##### Records provided #####

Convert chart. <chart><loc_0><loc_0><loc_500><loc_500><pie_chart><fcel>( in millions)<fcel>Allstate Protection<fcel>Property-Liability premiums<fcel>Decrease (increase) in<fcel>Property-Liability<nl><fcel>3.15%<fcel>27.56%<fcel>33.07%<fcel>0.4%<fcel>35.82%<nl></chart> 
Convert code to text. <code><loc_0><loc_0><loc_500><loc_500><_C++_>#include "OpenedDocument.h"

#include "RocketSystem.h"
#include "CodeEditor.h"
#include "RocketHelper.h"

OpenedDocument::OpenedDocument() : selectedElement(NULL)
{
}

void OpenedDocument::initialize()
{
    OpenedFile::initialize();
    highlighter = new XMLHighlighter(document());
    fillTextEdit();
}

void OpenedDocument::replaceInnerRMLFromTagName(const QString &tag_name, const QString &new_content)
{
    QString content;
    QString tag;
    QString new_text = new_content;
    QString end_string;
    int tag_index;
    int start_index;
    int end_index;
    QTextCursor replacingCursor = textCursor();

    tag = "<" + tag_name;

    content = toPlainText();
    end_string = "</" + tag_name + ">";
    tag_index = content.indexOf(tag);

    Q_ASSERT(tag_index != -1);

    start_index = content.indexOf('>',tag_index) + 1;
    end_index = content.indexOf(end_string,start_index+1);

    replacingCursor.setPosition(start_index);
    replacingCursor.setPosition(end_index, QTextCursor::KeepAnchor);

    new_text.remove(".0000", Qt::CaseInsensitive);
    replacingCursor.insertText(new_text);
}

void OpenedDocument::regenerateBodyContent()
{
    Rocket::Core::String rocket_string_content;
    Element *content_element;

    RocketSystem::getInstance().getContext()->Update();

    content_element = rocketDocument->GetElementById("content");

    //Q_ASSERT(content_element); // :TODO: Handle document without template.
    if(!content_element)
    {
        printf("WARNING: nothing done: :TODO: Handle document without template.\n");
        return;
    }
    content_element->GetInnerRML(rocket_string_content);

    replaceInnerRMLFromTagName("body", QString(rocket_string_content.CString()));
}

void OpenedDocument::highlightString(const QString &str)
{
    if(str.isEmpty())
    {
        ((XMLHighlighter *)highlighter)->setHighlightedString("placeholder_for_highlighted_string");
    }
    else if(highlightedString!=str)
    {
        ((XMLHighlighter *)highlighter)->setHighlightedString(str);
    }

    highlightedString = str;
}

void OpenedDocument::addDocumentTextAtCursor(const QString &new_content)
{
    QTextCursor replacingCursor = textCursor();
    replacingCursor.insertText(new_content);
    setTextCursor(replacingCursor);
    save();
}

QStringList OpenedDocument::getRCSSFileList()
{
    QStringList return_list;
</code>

#####

**Task statement:** The entries above need to be transcribed with no differences at all.

**Answer to the exercise:**
Convert chart. <chart><loc_0><loc_0><loc_500><loc_500><pie_chart><fcel>( in millions)<fcel>Allstate Protection<fcel>Property-Liability premiums<fcel>Decrease (increase) in<fcel>Property-Liability<nl><fcel>3.15%<fcel>27.56%<fcel>33.07%<fcel>0.4%<fcel>35.82%<nl></chart> 
Convert code to text. <code><loc_0><loc_0><loc_500><loc_500><_C++_>#include "OpenedDocument.h"

#include "RocketSystem.h"
#include "CodeEditor.h"
#include "RocketHelper.h"

OpenedDocument::OpenedDocument() : selectedElement(NULL)
{
}

void OpenedDocument::initialize()
{
    OpenedFile::initialize();
    highlighter = new XMLHighlighter(document());
    fillTextEdit();
}

void OpenedDocument::replaceInnerRMLFromTagName(const QString &tag_name, const QString &new_content)
{
    QString content;
    QString tag;
    QString new_text = new_content;
    QString end_string;
    int tag_index;
    int start_index;
    int end_index;
    QTextCursor replacingCursor = textCursor();

    tag = "<" + tag_name;

    content = toPlainText();
    end_string = "</" + tag_name + ">";
    tag_index = content.indexOf(tag);

    Q_ASSERT(tag_index != -1);

    start_index = content.indexOf('>',tag_index) + 1;
    end_index = content.indexOf(end_string,start_index+1);

    replacingCursor.setPosition(start_index);
    replacingCursor.setPosition(end_index, QTextCursor::KeepAnchor);

    new_text.remove(".0000", Qt::CaseInsensitive);
    replacingCursor.insertText(new_text);
}

void OpenedDocument::regenerateBodyContent()
{
    Rocket::Core::String rocket_string_content;
    Element *content_element;

    RocketSystem::getInstance().getContext()->Update();

    content_element = rocketDocument->GetElementById("content");

    //Q_ASSERT(content_element); // :TODO: Handle document without template.
    if(!content_element)
    {
        printf("WARNING: nothing done: :TODO: Handle document without template.\n");
        return;
    }
    content_element->GetInnerRML(rocket_string_content);

    replaceInnerRMLFromTagName("body", QString(rocket_string_content.CString()));
}

void OpenedDocument::highlightString(const QString &str)
{
    if(str.isEmpty())
    {
        ((XMLHighlighter *)highlighter)->setHighlightedString("placeholder_for_highlighted_string");
    }
    else if(highlightedString!=str)
    {
        ((XMLHighlighter *)highlighter)->setHighlightedString(str);
    }

    highlightedString = str;
}

void OpenedDocument::addDocumentTextAtCursor(const QString &new_content)
{
    QTextCursor replacingCursor = textCursor();
    replacingCursor.insertText(new_content);
    setTextCursor(replacingCursor);
    save();
}

QStringList OpenedDocument::getRCSSFileList()
{
    QStringList return_list;
</code>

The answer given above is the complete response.